Installation of Minimal Tetrazines through Silver-Mediated Liebeskind-Srogl Coupling with Arylboronic Acids

Article abstract of DOI:10.1021/jacs.9b08677

Described is a general method for the installation of a minimal 6-methyltetrazin-3-yl group via the first example of a Ag-mediated Liebeskind-Srogl cross-coupling. The attachment of bioorthogonal tetrazines on complex molecules typically relies on linkers that can negatively impact the physiochemical properties of conjugates.
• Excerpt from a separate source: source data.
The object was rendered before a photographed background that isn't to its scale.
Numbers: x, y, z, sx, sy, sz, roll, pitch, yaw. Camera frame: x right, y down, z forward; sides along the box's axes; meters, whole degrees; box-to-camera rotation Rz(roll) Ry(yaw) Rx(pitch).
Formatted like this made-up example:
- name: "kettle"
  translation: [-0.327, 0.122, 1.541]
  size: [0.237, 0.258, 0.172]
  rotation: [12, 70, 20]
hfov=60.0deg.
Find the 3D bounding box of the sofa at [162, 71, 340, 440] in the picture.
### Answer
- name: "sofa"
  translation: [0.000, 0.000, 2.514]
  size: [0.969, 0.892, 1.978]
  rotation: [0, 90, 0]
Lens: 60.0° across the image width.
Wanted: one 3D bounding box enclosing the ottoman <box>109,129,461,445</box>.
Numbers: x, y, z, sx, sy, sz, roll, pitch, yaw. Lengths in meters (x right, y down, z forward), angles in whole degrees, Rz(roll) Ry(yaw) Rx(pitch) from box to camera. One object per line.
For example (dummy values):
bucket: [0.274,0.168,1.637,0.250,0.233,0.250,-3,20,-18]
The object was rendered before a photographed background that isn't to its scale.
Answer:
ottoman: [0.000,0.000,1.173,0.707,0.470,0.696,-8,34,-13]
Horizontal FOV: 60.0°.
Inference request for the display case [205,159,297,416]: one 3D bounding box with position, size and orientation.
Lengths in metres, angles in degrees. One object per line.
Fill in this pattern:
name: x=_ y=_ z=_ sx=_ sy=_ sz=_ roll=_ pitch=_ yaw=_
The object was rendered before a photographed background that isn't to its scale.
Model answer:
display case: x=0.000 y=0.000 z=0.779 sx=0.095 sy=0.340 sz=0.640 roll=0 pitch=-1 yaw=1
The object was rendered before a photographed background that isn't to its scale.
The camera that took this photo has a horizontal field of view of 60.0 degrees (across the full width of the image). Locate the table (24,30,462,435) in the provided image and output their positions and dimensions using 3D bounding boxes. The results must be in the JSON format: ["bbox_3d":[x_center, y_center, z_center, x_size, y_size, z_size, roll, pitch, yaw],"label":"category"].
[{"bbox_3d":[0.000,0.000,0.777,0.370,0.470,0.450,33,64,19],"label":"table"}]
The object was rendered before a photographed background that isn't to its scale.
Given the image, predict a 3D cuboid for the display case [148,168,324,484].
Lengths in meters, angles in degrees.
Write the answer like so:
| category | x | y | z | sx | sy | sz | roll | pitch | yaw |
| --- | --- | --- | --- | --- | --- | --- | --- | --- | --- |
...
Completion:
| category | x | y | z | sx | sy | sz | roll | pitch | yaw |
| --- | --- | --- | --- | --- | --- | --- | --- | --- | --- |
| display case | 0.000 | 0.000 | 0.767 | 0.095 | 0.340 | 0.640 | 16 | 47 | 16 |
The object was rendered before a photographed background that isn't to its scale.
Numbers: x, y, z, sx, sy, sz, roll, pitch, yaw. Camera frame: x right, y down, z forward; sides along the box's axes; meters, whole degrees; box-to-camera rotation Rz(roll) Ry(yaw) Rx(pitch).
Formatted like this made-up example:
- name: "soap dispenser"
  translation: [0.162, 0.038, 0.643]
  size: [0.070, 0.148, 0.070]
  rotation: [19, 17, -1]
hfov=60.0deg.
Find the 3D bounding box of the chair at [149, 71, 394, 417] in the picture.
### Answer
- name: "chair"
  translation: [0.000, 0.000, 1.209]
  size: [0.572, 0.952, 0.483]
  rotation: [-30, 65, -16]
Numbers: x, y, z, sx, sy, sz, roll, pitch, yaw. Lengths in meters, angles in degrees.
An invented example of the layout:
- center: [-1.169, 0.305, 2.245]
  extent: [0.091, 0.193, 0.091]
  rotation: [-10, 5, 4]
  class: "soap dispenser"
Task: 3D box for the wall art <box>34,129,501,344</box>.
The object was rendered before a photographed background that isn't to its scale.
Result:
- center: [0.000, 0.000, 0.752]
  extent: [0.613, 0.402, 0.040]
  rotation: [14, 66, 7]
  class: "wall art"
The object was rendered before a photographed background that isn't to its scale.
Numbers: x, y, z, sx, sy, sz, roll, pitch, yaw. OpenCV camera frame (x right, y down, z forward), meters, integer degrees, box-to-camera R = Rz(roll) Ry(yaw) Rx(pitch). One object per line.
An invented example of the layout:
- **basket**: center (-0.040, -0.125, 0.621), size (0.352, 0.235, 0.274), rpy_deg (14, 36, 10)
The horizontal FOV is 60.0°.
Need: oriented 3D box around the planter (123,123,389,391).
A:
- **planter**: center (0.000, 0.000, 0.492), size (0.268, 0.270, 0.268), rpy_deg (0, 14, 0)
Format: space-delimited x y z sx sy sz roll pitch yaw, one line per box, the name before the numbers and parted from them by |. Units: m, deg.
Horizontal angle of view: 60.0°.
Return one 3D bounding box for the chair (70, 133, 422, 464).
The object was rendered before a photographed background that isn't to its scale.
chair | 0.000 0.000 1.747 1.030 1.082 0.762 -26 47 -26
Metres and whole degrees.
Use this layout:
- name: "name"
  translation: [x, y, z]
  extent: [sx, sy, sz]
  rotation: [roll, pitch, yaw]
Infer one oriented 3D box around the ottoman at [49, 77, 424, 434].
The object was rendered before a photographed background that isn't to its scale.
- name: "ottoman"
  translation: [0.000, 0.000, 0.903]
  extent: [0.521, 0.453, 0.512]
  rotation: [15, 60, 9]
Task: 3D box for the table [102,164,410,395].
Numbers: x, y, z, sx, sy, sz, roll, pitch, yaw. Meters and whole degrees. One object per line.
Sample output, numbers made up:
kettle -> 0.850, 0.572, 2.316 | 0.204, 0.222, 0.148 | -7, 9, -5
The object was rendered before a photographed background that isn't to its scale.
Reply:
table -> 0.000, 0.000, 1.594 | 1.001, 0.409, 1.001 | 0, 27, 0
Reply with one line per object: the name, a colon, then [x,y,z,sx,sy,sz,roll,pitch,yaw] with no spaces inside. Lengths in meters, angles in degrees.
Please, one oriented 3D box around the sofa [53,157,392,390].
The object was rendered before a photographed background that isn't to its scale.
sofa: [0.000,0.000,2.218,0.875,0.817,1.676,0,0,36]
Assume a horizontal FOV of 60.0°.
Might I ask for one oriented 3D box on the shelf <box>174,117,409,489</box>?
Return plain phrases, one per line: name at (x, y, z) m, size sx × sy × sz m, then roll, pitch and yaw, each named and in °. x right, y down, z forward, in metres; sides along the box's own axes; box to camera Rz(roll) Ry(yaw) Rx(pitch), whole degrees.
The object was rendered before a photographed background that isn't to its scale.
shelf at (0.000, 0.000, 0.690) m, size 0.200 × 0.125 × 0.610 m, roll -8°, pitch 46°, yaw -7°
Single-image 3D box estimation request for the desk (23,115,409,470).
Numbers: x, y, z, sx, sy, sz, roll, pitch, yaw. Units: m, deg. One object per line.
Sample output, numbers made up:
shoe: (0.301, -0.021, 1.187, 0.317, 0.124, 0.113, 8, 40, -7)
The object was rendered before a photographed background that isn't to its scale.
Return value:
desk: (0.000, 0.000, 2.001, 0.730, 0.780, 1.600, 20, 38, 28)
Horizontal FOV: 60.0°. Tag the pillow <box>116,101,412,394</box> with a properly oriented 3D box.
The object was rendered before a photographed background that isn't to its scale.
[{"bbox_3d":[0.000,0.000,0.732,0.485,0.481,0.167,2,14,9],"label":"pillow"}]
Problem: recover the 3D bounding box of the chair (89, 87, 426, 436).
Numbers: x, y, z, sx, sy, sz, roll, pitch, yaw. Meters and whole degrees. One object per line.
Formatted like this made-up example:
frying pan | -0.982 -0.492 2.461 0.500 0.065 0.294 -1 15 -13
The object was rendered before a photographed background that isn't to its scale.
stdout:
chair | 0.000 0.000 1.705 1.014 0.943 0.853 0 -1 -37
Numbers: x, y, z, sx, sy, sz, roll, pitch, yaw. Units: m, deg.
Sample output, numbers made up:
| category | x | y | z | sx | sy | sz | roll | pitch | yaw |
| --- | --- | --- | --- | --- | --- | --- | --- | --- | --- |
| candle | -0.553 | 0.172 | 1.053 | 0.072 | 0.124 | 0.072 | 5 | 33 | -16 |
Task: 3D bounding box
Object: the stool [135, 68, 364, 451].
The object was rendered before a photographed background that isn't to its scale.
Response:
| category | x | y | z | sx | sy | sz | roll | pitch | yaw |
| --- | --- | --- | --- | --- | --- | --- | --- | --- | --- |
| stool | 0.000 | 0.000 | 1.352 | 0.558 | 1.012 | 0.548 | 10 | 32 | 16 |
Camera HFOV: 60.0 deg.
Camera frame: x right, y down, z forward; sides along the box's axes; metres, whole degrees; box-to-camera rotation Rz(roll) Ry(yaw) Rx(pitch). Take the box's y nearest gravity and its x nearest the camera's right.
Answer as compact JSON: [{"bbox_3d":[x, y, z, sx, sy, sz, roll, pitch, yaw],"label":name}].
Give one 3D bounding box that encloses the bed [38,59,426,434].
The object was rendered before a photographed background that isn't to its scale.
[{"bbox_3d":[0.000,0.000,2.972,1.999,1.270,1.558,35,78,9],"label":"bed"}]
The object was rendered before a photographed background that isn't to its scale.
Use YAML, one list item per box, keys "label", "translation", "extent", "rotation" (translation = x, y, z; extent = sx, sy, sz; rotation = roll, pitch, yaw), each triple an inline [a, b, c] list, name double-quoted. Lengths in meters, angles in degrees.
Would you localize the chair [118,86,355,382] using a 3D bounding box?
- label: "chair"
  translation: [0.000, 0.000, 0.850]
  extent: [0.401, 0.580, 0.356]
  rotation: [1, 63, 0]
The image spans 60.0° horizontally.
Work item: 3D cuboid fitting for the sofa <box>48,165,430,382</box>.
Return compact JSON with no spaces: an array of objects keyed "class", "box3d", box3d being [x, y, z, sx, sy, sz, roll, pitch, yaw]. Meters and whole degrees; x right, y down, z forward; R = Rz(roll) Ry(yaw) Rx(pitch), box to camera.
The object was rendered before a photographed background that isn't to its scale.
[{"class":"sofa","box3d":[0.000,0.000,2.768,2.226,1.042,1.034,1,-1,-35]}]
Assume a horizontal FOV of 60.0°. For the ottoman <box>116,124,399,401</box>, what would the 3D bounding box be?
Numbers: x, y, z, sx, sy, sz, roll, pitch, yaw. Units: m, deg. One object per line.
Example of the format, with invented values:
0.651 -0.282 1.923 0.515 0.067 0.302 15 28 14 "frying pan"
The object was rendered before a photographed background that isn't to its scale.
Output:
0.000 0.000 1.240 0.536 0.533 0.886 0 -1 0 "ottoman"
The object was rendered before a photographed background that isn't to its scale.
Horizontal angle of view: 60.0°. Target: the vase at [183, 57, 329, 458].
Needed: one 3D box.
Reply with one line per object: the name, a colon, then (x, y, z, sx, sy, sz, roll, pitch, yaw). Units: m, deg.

Cross-coupling with arylboronic acids and a new reagent, 3-((p-biphenyl-4-ylmethyl)thio)-6-methyltetrazine (b-Tz), proceeds under mild, PdCl₂(dppf)-catalyzed conditions to introduce minimal, linker-free tetrazine functionality. Safety considerations guided our design of b-Tz which can be prepared on decagram scale without handling hydrazine and without forming volatile, high-nitrogen tetrazine byproducts. Replacing conventional Cu(I) salts used in Liebeskind-Srogl cross-coupling with a Ag₂O mediator resulted in higher yields across a broad library of aryl and heteroaryl boronic acids and provides improved access to a fluorogenic tetrazine-BODIPY conjugate. A covalent probe for MAGL incorporating 6-methyltetrazinyl functionality was synthesized in high yield and labeled endogenous MAGL in live cells. This new Ag-mediated cross-coupling method using b-Tz is anticipated to find additional applications for directly introducing the tetrazine subunit to complex substrates.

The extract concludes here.